WHAT YOU SHOULD DO
For each entry, repeat the text exactly and omit any picture it holds.

==============================

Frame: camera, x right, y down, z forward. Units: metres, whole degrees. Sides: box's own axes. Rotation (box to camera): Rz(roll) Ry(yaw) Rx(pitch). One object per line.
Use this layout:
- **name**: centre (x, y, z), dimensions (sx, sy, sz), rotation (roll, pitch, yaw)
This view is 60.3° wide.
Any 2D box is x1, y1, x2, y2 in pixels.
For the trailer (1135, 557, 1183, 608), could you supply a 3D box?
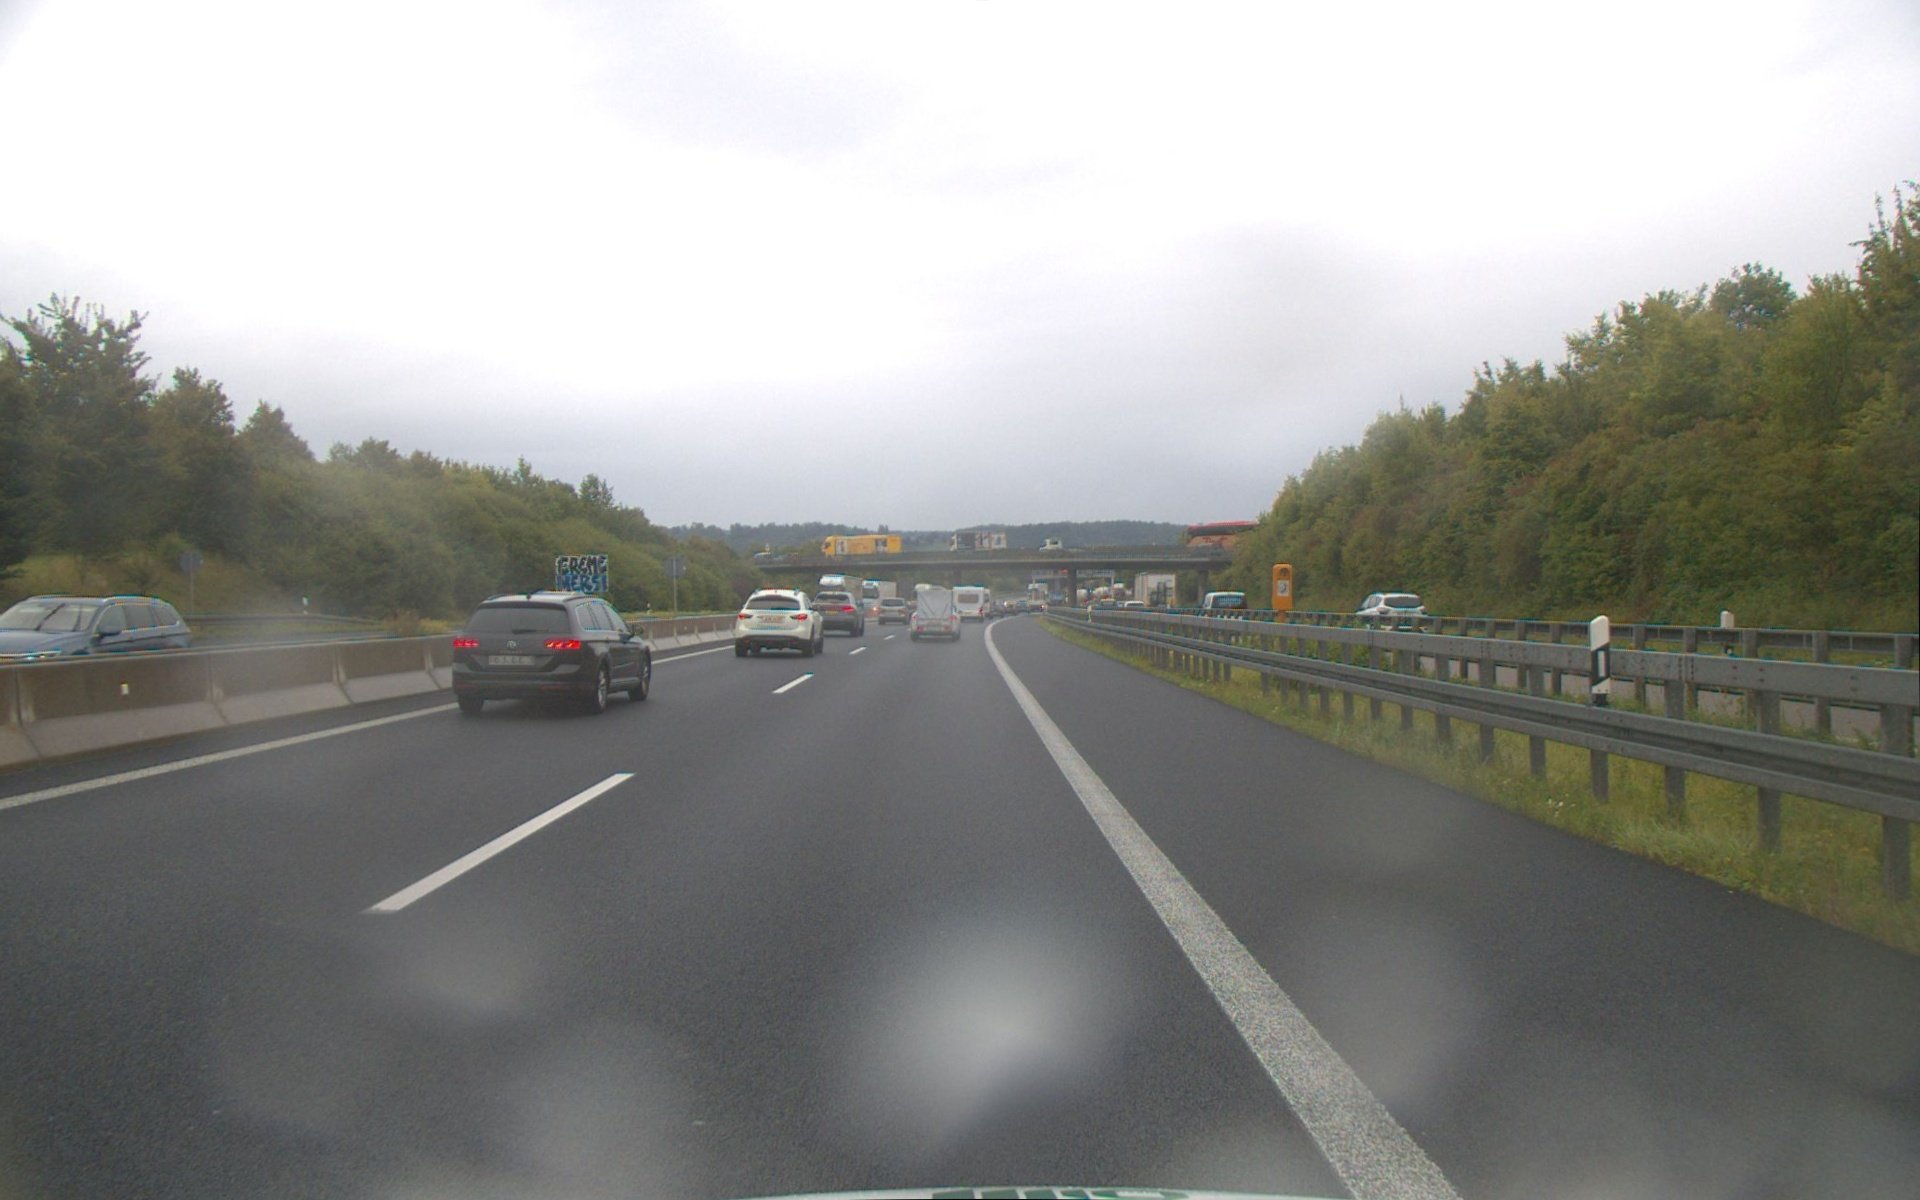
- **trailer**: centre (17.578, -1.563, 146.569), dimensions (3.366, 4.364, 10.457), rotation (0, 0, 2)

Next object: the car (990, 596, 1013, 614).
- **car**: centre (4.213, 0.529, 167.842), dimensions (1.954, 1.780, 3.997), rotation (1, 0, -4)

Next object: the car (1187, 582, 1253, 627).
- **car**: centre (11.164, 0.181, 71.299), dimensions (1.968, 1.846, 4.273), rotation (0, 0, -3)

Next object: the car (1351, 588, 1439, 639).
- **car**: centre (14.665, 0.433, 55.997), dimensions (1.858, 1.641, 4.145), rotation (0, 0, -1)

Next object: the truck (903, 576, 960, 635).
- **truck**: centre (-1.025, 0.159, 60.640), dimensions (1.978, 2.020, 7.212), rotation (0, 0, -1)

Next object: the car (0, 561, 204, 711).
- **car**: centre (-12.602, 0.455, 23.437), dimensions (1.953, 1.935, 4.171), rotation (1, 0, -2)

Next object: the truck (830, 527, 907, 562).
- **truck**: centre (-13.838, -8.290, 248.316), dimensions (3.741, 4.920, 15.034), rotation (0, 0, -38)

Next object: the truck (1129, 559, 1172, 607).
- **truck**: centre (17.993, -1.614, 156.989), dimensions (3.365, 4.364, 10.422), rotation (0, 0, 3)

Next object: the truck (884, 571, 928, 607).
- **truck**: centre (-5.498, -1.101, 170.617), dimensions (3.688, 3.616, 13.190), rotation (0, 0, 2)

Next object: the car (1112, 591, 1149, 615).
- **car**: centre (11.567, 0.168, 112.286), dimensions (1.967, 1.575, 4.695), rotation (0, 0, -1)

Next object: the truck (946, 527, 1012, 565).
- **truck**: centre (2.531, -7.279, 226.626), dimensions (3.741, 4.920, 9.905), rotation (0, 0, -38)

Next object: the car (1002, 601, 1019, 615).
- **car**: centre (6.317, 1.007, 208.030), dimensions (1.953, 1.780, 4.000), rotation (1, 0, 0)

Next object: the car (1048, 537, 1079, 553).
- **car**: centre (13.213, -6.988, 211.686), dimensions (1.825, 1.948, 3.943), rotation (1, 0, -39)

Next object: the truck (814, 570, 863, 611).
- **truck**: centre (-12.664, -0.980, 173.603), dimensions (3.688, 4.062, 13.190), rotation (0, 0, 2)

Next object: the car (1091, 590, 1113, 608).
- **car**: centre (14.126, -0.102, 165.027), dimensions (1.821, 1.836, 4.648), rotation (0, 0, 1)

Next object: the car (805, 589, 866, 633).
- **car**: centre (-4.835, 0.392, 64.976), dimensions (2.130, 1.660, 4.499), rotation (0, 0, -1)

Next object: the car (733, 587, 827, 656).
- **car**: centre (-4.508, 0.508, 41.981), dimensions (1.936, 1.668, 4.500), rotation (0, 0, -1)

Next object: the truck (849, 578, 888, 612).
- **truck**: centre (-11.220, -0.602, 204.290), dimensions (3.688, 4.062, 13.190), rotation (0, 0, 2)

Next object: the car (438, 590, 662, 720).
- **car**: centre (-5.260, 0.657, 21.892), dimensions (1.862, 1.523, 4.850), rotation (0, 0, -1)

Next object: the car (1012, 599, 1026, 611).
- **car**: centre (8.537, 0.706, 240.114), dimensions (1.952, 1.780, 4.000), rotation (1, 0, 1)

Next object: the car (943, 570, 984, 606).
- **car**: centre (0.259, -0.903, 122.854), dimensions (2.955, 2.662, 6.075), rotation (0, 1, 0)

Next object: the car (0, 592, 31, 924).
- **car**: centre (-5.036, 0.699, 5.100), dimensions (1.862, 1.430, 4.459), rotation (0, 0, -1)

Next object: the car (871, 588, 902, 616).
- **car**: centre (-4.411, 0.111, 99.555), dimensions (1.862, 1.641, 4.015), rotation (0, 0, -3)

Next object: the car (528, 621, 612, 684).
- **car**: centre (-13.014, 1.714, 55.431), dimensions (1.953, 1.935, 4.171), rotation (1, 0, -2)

==============================

OUTPUT OF THE TASK
Frame: camera, x right, y down, z forward. Units: metres, whole degrees. Sides: box's own axes. Rotation (box to camera): Rz(roll) Ry(yaw) Rx(pitch). One object per line.
Use this layout:
- **name**: centre (x, y, z), dimensions (sx, sy, sz), rotation (roll, pitch, yaw)
This view is 60.3° wide.
Any 2D box is x1, y1, x2, y2 in pixels.
For the trailer (1135, 557, 1183, 608), could you supply a 3D box?
- **trailer**: centre (17.578, -1.563, 146.569), dimensions (3.366, 4.364, 10.457), rotation (0, 0, 2)

Next object: the car (990, 596, 1013, 614).
- **car**: centre (4.213, 0.529, 167.842), dimensions (1.954, 1.780, 3.997), rotation (1, 0, -4)

Next object: the car (1187, 582, 1253, 627).
- **car**: centre (11.164, 0.181, 71.299), dimensions (1.968, 1.846, 4.273), rotation (0, 0, -3)

Next object: the car (1351, 588, 1439, 639).
- **car**: centre (14.665, 0.433, 55.997), dimensions (1.858, 1.641, 4.145), rotation (0, 0, -1)

Next object: the truck (903, 576, 960, 635).
- **truck**: centre (-1.025, 0.159, 60.640), dimensions (1.978, 2.020, 7.212), rotation (0, 0, -1)

Next object: the car (0, 561, 204, 711).
- **car**: centre (-12.602, 0.455, 23.437), dimensions (1.953, 1.935, 4.171), rotation (1, 0, -2)

Next object: the truck (830, 527, 907, 562).
- **truck**: centre (-13.838, -8.290, 248.316), dimensions (3.741, 4.920, 15.034), rotation (0, 0, -38)

Next object: the truck (1129, 559, 1172, 607).
- **truck**: centre (17.993, -1.614, 156.989), dimensions (3.365, 4.364, 10.422), rotation (0, 0, 3)

Next object: the truck (884, 571, 928, 607).
- **truck**: centre (-5.498, -1.101, 170.617), dimensions (3.688, 3.616, 13.190), rotation (0, 0, 2)

Next object: the car (1112, 591, 1149, 615).
- **car**: centre (11.567, 0.168, 112.286), dimensions (1.967, 1.575, 4.695), rotation (0, 0, -1)

Next object: the truck (946, 527, 1012, 565).
- **truck**: centre (2.531, -7.279, 226.626), dimensions (3.741, 4.920, 9.905), rotation (0, 0, -38)

Next object: the car (1002, 601, 1019, 615).
- **car**: centre (6.317, 1.007, 208.030), dimensions (1.953, 1.780, 4.000), rotation (1, 0, 0)

Next object: the car (1048, 537, 1079, 553).
- **car**: centre (13.213, -6.988, 211.686), dimensions (1.825, 1.948, 3.943), rotation (1, 0, -39)

Next object: the truck (814, 570, 863, 611).
- **truck**: centre (-12.664, -0.980, 173.603), dimensions (3.688, 4.062, 13.190), rotation (0, 0, 2)

Next object: the car (1091, 590, 1113, 608).
- **car**: centre (14.126, -0.102, 165.027), dimensions (1.821, 1.836, 4.648), rotation (0, 0, 1)

Next object: the car (805, 589, 866, 633).
- **car**: centre (-4.835, 0.392, 64.976), dimensions (2.130, 1.660, 4.499), rotation (0, 0, -1)

Next object: the car (733, 587, 827, 656).
- **car**: centre (-4.508, 0.508, 41.981), dimensions (1.936, 1.668, 4.500), rotation (0, 0, -1)

Next object: the truck (849, 578, 888, 612).
- **truck**: centre (-11.220, -0.602, 204.290), dimensions (3.688, 4.062, 13.190), rotation (0, 0, 2)

Next object: the car (438, 590, 662, 720).
- **car**: centre (-5.260, 0.657, 21.892), dimensions (1.862, 1.523, 4.850), rotation (0, 0, -1)

Next object: the car (1012, 599, 1026, 611).
- **car**: centre (8.537, 0.706, 240.114), dimensions (1.952, 1.780, 4.000), rotation (1, 0, 1)

Next object: the car (943, 570, 984, 606).
- **car**: centre (0.259, -0.903, 122.854), dimensions (2.955, 2.662, 6.075), rotation (0, 1, 0)

Next object: the car (0, 592, 31, 924).
- **car**: centre (-5.036, 0.699, 5.100), dimensions (1.862, 1.430, 4.459), rotation (0, 0, -1)

Next object: the car (871, 588, 902, 616).
- **car**: centre (-4.411, 0.111, 99.555), dimensions (1.862, 1.641, 4.015), rotation (0, 0, -3)

Next object: the car (528, 621, 612, 684).
- **car**: centre (-13.014, 1.714, 55.431), dimensions (1.953, 1.935, 4.171), rotation (1, 0, -2)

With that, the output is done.